Ex-Romney adviser compares pro-Trump academic to intellectuals who lauded Hitler, Stalin and Mao Tse-tung

A former to adviser to Mitt Romney compared Trump-supporting academics to intellectuals who praised Adolf Hitler and Joseph Stalin in a scathing assessment of President Trump in a book review.

Gabriel Schoenfeld, who advised Romney’s 2012 presidential campaign and is now Hudson Institute senior fellow, said in his review of Victor Davis Hanson’s new book, The Case for Trump, that those in the think tank and academics setting who praise Trump’s presidency are comparable to those who gave a favorable appraisal of Nazi leader Adolf Hitler and the Soviet Union’s Joseph Stalin in the early 20th century.

Hanson is a military historian and a senior fellow at the Hoover Institution at Stanford University.

“Anyone with an iota of historical awareness is familiar with the fact that intellectuals in Europe and the United States lauded Joseph Stalin even as he sent millions to the Gulag and their death. By the same token, Adolf Hitler, one of the 20th century’s other mega-mass murderers, also found his share of admirers in the academy, among them such brilliant minds as Carl Schmitt and Martin Heidegger,” Schoenfeld, who is advertised as an “public intellectual” on his speaker’s page, wrote in his review of the book.

“An entire branch of Western scholarship was devoted to the adulation of the genocidal Mao Tse-tung,” he added. “Whatever Trump’s authoritarian tendencies, it is a grotesque absurdity to compare him to history’s most terrible tyrants. My point is something else: If such monsters could find admirers among the highly educated, it is unsurprising that our infantile, ignorant leader has found an assortment of professors to sing his praises.”
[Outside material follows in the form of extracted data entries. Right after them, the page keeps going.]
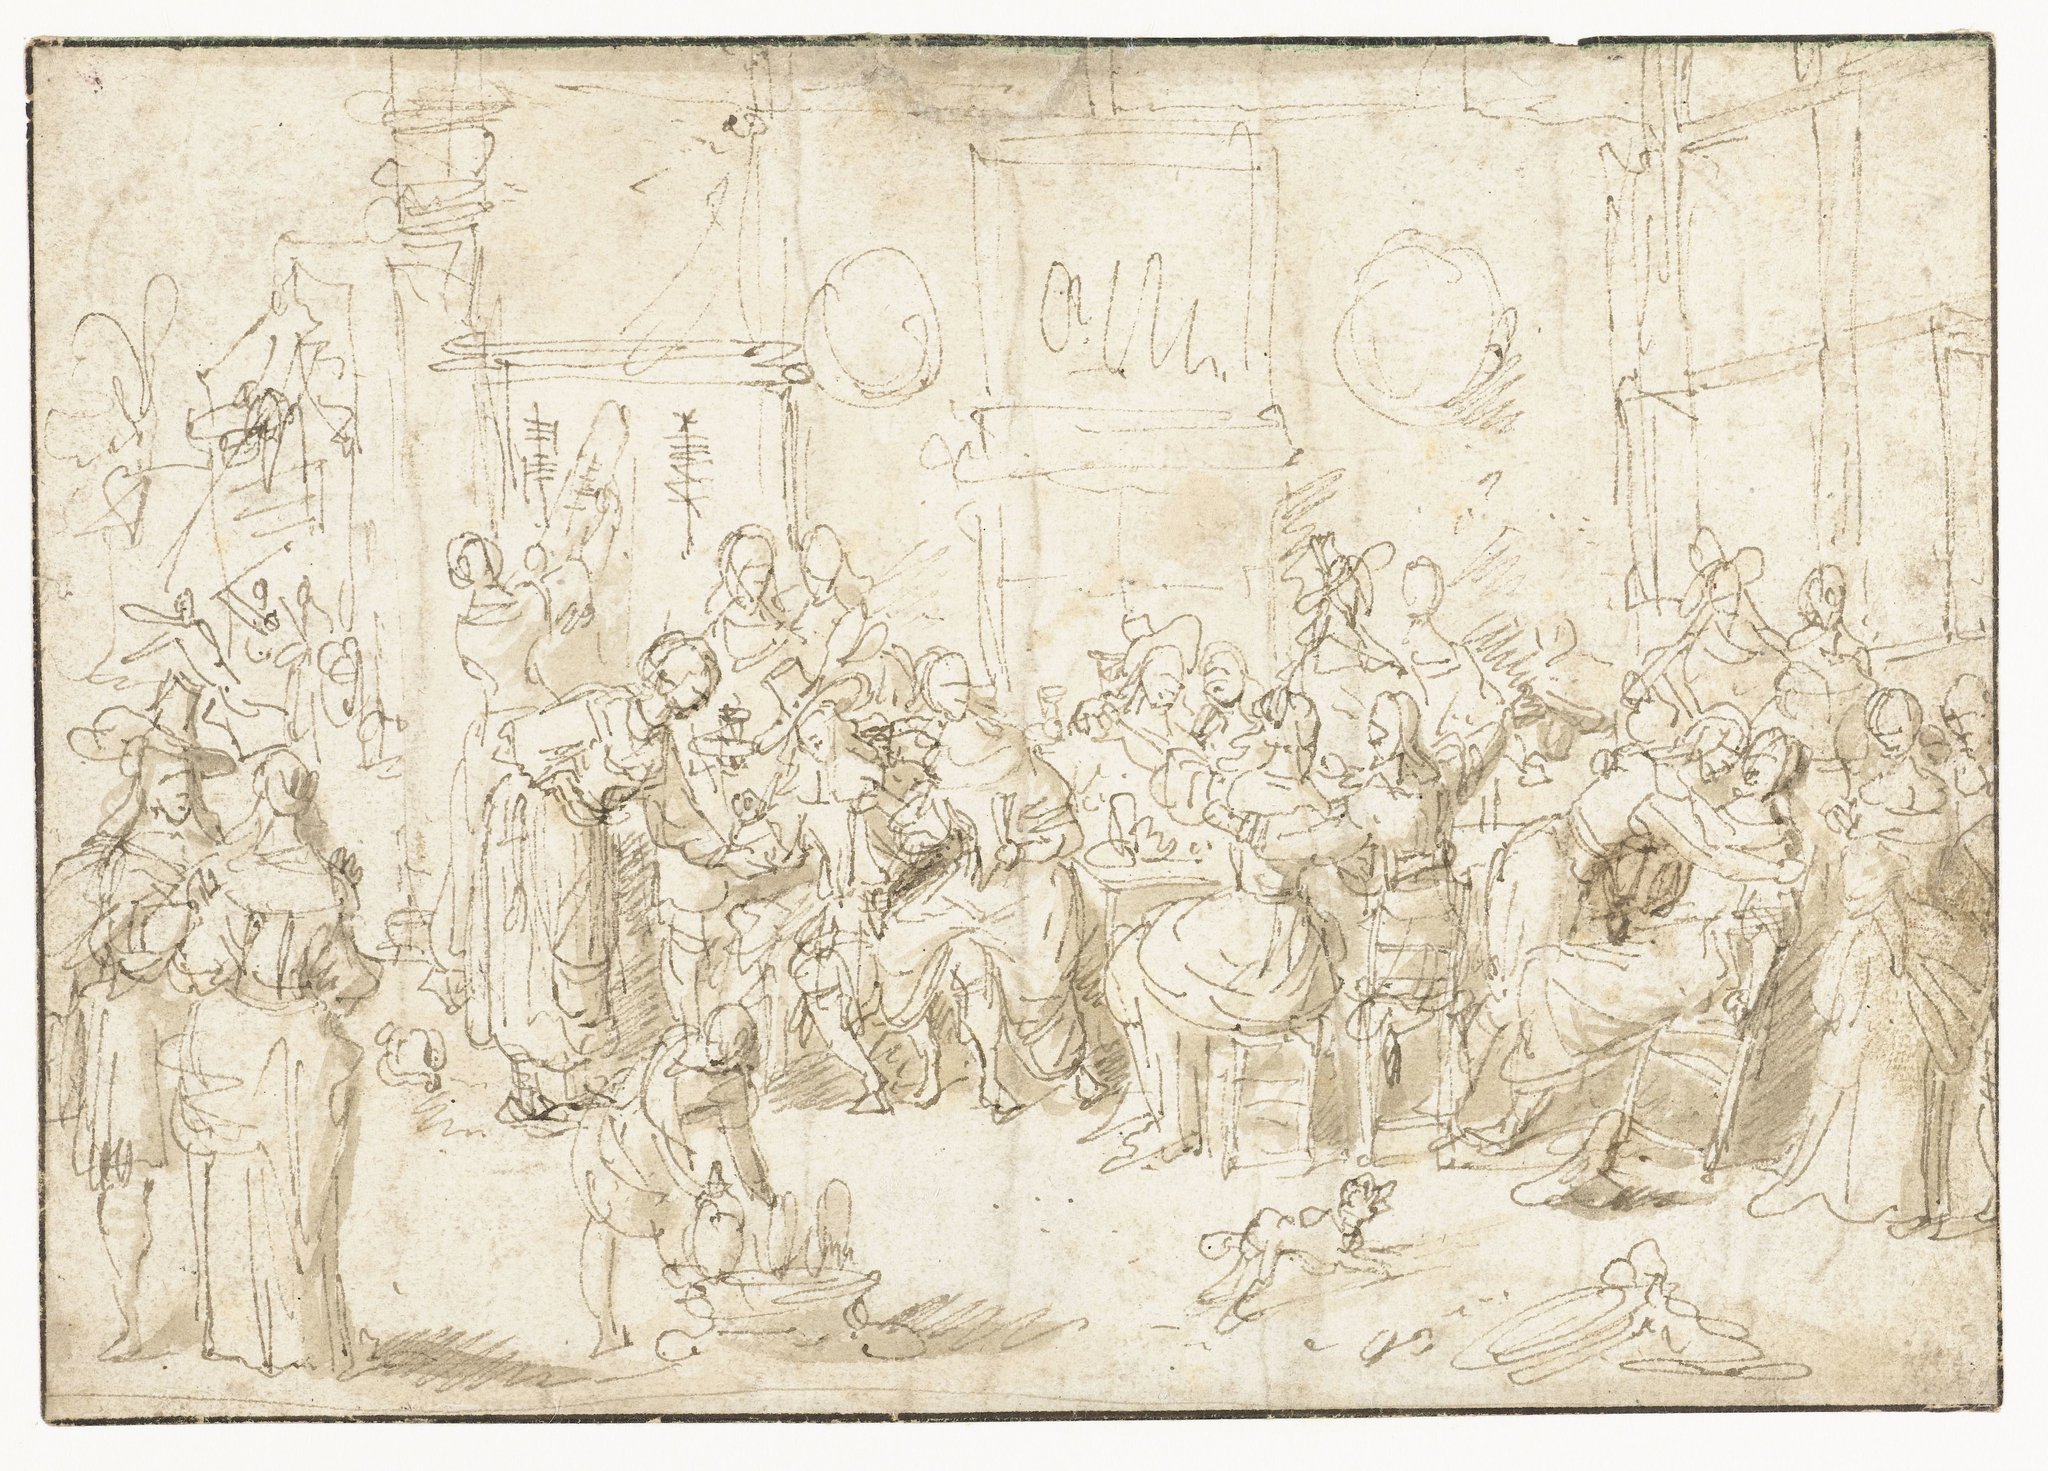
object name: drawing
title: Interieur met vrolijk gezelschap rond een tafel
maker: willem van herp (i)
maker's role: draughtsman
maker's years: 1614-1677
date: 1624-1677
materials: ink, paper
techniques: brush, pen
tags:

In his book, Hanson praised Trump for the way in which he has navigated the morass of the “deep state,” the layers of bureaucracy, and political appointees that many Republicans argue are stymied the government’s ability to enact the president’s policies.

By working to dismantle “a state within a state,” Hanson says Trump has been able to shift away from he sarcastically calls “the judicious wise-men” of Washington, D.C., and embrace social and economic policies for which conservatives have clamored but have been ignored by perpetrators of “deep state.”

Schoenfeld, however, refutes Hanson’s assessment, saying that his examination of the Trump “tot lot” approach is not careful and thoroughly thought-out. He says, “Trump lies habitually. It seems that those like Hanson who choose to burnish the Trump cult must do so as well. At one point in his narrative, Hanson writes that ‘Loyalty or reciprocity were always Trump’s first ethical commandments.'”

The former Romney adviser wrote an assessment of the Romney campaign in 2013, his version of the Romney autopsy report highlighting critical failures of the 2012 presidential campaign against Barack Obama. He accused candidate Romney of not relying enough on his policy advisers and vetting policy stances which resulted in hurtful blunders.